Text by William Summerfield
"But don’t you remember, we’ve met before."
"We, we have…?"
"Well of course, you’ve said so yourself, once upon a dream."
You’d be forgiven for thinking this piece of gaslighting came from an online chat room rather than an exchange between Sleeping Beauty and her prince charming in Disney’s classic film. Re-viewed with a contemporary mind, the conversation takes on a darker meaning, evoking our understanding of memory and the gap between the real and the illusionary. Cypriot artist Marina Xenofontos’s haunting show explores these themes, examining our relationship with the digital realm and technology, exposing how it both fails and traps us, dragging us into its lies and fantasies. For as Sleeping Beauty sings a few lines before, “visions are seldom as they seem…”

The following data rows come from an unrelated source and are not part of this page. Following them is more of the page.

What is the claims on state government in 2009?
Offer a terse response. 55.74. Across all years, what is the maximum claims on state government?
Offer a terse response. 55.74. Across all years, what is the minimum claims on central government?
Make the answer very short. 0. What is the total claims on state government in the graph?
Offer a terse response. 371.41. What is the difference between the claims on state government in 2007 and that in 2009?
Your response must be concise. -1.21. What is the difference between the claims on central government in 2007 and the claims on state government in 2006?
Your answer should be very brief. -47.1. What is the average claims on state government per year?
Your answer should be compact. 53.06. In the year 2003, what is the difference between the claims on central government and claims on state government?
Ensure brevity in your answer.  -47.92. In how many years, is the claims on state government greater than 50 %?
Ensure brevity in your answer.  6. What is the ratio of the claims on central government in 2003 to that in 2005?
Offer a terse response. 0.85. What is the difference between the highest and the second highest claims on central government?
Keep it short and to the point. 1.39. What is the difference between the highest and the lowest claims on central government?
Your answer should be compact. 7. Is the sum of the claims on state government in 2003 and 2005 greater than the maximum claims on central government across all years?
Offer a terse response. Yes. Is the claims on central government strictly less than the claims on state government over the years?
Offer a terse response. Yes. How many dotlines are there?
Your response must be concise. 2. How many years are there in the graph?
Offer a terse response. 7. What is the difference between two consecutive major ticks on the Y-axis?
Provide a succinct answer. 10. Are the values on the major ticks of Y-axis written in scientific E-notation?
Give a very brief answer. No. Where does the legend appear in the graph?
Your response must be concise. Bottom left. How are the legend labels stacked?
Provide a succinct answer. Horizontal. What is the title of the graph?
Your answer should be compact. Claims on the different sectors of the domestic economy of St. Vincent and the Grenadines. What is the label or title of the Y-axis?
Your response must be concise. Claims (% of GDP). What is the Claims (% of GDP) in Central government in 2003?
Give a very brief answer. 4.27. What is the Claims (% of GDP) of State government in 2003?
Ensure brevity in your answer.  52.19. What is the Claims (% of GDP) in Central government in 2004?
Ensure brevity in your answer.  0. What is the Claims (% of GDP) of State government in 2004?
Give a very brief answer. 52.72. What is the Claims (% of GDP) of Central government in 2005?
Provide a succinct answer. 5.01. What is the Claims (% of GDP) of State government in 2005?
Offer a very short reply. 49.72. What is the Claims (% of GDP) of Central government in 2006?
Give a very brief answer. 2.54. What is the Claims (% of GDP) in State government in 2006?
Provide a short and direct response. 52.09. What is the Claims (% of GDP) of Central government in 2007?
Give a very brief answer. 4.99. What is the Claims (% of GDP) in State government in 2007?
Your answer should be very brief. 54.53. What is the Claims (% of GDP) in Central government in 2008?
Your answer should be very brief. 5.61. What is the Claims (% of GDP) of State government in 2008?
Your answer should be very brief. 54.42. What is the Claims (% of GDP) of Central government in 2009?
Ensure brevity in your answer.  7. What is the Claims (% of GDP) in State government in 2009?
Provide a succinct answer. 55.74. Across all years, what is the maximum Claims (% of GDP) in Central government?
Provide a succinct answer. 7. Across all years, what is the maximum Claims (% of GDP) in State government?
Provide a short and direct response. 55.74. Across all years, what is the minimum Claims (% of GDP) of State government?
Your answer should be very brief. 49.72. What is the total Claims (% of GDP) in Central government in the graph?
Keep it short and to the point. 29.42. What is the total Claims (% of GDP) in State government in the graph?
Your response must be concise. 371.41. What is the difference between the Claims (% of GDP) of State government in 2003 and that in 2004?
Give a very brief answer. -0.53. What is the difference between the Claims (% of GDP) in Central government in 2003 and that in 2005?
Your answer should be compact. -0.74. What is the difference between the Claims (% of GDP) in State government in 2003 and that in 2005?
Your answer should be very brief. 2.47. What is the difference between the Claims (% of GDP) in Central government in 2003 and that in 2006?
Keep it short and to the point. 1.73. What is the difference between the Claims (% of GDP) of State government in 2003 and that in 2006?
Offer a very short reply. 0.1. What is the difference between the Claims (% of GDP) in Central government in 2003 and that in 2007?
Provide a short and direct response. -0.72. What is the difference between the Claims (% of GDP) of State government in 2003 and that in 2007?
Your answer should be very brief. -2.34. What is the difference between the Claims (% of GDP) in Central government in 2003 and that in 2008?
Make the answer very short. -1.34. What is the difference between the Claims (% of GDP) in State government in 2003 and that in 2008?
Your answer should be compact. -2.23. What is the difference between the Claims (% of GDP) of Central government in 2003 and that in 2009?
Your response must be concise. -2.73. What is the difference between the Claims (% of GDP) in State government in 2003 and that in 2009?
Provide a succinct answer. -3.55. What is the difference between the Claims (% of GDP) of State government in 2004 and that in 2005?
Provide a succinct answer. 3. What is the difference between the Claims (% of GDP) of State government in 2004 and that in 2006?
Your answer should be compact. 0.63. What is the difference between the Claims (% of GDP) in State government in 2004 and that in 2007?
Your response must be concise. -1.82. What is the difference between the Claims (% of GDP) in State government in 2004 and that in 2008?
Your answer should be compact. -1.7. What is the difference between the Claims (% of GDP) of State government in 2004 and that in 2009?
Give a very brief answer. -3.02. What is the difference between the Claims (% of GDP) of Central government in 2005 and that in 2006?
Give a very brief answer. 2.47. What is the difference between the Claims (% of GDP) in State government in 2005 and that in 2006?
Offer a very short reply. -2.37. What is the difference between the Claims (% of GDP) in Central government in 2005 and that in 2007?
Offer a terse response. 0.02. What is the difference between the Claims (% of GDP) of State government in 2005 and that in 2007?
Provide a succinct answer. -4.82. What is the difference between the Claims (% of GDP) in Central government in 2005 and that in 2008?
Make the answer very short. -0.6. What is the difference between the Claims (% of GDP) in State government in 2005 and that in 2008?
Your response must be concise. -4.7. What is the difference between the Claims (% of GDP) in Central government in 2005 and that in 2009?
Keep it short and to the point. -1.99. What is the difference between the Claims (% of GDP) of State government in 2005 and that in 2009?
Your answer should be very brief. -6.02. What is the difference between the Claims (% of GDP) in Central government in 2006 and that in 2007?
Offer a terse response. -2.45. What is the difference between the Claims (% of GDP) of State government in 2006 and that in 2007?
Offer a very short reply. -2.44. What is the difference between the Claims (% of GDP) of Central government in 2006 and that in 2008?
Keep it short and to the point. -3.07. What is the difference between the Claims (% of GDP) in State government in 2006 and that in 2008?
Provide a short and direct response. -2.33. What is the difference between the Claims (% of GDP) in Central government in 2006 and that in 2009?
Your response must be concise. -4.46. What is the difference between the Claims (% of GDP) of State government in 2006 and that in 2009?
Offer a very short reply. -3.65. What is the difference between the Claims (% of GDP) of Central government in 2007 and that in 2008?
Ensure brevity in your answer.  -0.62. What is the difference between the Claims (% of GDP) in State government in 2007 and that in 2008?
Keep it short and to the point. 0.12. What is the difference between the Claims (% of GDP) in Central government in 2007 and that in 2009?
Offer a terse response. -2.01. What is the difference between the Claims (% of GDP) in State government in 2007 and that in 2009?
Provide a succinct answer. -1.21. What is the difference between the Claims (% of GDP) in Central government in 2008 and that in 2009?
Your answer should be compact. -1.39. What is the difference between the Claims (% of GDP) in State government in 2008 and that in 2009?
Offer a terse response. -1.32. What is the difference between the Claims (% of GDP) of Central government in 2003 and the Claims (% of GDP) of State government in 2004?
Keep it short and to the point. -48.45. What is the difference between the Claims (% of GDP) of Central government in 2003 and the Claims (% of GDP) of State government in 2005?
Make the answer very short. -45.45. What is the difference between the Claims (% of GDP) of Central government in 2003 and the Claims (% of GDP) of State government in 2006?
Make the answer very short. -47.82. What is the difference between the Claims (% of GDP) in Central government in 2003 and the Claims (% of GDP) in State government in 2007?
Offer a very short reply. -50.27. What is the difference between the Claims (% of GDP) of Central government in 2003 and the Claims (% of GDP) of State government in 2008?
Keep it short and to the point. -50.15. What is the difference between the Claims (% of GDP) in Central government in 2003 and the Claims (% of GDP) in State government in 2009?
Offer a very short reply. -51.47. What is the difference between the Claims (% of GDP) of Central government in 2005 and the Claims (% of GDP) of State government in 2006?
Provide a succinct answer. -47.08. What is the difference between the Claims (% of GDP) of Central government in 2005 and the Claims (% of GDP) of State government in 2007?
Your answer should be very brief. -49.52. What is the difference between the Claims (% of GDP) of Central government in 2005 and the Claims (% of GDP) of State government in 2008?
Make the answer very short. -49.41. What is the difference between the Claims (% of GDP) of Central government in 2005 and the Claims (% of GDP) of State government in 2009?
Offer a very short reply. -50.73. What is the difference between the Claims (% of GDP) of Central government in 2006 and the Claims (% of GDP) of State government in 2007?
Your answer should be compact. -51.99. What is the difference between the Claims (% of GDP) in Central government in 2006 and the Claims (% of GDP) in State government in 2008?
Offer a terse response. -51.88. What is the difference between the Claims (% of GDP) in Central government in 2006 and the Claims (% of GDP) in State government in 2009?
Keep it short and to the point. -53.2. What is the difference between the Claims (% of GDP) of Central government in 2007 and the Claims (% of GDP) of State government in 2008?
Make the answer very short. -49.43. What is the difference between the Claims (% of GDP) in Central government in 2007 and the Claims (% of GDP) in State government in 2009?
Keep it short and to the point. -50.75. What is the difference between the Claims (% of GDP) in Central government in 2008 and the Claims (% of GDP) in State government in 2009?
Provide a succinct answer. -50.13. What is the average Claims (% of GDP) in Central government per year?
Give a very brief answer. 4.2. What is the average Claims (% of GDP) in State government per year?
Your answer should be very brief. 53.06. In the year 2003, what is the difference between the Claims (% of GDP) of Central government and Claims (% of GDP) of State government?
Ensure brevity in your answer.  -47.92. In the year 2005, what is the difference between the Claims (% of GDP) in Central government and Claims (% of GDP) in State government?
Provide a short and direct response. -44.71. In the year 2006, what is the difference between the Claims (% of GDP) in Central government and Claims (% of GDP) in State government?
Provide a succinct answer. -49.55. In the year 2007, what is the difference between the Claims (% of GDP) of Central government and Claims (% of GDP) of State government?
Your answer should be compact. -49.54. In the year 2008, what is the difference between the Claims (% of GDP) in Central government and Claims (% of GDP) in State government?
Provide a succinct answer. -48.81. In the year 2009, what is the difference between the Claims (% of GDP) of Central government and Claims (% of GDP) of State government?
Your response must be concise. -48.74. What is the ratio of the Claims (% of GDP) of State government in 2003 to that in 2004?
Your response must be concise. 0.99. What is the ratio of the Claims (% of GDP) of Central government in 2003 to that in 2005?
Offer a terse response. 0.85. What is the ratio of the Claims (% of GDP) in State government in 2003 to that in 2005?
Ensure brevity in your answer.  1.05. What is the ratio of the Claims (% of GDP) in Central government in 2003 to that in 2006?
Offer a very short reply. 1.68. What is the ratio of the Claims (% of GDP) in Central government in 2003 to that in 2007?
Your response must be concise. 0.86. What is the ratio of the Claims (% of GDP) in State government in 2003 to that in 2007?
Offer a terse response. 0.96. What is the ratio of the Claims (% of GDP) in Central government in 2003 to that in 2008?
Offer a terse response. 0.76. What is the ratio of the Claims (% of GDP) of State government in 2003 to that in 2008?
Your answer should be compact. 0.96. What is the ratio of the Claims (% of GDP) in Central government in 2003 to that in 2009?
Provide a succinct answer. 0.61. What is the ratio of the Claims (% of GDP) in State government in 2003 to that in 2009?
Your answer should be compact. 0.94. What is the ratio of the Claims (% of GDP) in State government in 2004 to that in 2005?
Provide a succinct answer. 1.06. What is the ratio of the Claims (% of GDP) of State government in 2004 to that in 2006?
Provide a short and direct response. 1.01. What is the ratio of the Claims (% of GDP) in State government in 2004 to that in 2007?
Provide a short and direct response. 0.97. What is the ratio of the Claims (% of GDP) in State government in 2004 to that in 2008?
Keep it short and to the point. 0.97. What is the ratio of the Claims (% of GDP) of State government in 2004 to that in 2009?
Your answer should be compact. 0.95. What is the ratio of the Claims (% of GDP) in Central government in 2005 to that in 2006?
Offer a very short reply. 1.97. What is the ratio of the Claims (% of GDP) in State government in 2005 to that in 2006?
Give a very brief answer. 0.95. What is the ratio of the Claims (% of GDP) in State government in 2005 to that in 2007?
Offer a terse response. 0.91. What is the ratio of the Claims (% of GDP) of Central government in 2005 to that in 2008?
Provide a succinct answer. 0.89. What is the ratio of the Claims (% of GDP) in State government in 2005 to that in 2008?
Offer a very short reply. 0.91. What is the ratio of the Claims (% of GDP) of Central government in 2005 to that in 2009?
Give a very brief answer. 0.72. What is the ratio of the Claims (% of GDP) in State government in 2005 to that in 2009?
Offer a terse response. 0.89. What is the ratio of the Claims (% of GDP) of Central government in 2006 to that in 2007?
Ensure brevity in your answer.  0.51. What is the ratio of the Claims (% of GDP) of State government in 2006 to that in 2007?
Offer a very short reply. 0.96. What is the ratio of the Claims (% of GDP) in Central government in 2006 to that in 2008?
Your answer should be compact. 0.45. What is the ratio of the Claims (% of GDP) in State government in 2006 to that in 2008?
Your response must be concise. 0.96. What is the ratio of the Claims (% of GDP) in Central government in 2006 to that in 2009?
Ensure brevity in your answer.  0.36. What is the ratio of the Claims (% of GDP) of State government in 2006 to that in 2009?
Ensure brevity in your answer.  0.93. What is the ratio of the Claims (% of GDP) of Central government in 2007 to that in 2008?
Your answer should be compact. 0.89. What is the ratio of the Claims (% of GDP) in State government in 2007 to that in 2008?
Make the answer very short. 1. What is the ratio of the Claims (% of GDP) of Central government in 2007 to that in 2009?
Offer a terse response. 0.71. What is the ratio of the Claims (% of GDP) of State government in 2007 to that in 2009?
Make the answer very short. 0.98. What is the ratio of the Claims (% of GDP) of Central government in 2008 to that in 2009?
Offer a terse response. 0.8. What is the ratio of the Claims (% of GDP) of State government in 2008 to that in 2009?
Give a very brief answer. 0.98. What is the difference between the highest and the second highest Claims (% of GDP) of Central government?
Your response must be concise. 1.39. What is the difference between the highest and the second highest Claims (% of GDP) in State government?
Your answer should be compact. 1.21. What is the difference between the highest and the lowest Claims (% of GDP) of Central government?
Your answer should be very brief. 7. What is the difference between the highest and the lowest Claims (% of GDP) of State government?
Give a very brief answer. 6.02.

At the centre of the show is the sculpture Twice Upon a While (2020), the figure of an oversized young girl carved out of wood and sat at a large desk with a mirrored surface. Stuck looking at her own reflection and unable to look away, Xenofontos recalls the pose of Caravaggio’s baroque masterpiece Narcissus (ca. 1597-99), creating a modern re-telling of the Classical myth. Here the girl becomes trapped not simply by her own beauty, but by her representation — how she appears reflected to others.
This wooden avatar is mechanically made, rendering it unnervingly smooth and featureless. Despite this, when seen in the mirror, the empty face is somehow changed, the reflection causing a split between the physical and visual being. This phenomenon is reminiscent of Claude Cahun and Marcel Moore’s iconic Untitled (1928) portrait of Cahun standing in front of a mirror; the same look says something wholly different when seen in reflection. The work reminds us that that we have no real control over what we present; the illusion takes over and is stolen from us, until we become as empty as this wooden girl.

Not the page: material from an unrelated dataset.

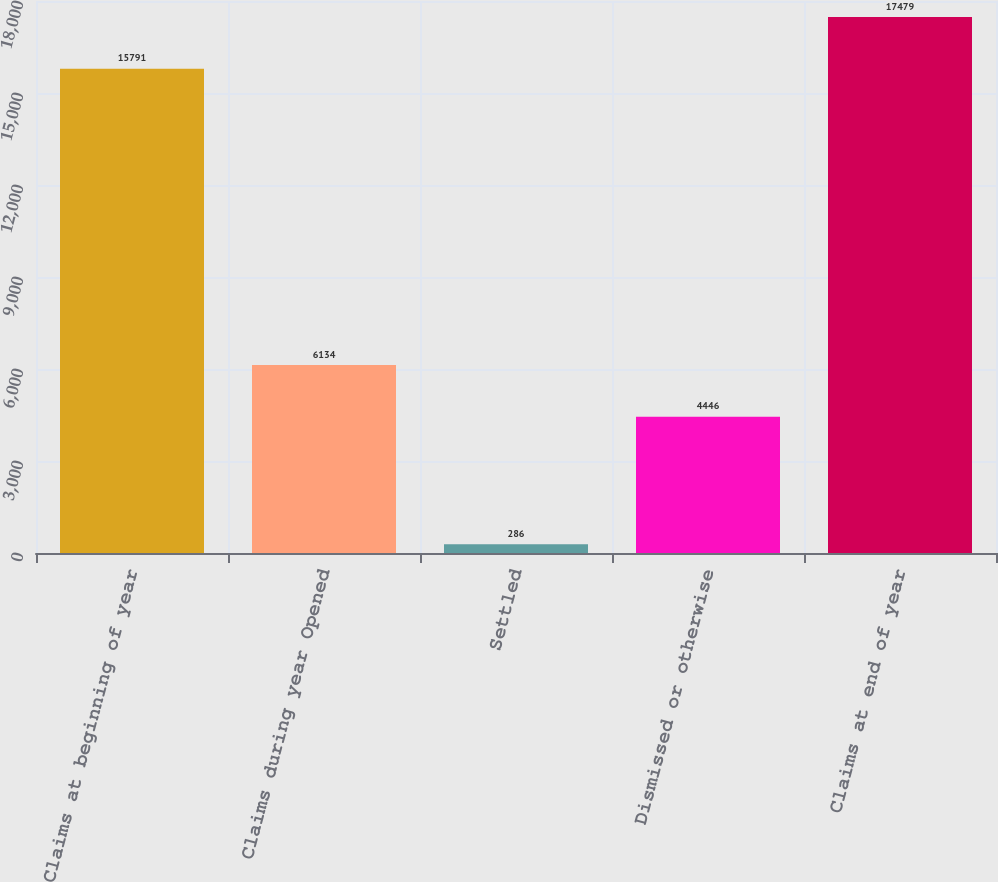Convert chart to OTSL. <chart><loc_0><loc_0><loc_500><loc_500><bar_chart><fcel>Claims at beginning of year<fcel>Claims during year Opened<fcel>Settled<fcel>Dismissed or otherwise<fcel>Claims at end of year<nl><fcel>15791<fcel>6134<fcel>286<fcel>4446<fcel>17479<nl></chart>

Through the prism of the mirror, the other pieces of the show come slowly into focus. Hanging on the wall opposite is a square of rusted bronze (Set Theory, 2020), a degradation of the minimalist square perhaps, echoing the corruption of the mind. Behind the girl, a wheel rotates, the sound of the spinning providing a hypnotic accompaniment to the show (Data Storage of a true spectrum, 2020). Attached to the wheel are pieces of broken CDs — once a breakthrough piece of technology for data storage, now all but obsolete. Once a day, sunlight hits the wheel, causing a rainbow to be reflected onto the gallery walls. Teasingly, this moment only happens outside opening hours, a transitory moment hidden from view, only visible in photos and Instagram stories.
The works build on one another, but never quite overlap, in a process the artist has described as like a Venn diagram. Working through the show, ideas come to light one by one, reflecting the process of memory as you cast around for meaning. The sheer volume of pieces on display and their wide variety can, however, leave you a little adrift; the gallery’s back room felt — despite the sustained quality of the works — cut-off, a step too far from the path. I found myself instead returning again and again to that wooden girl, just about stopping myself from getting caught too in the mirror.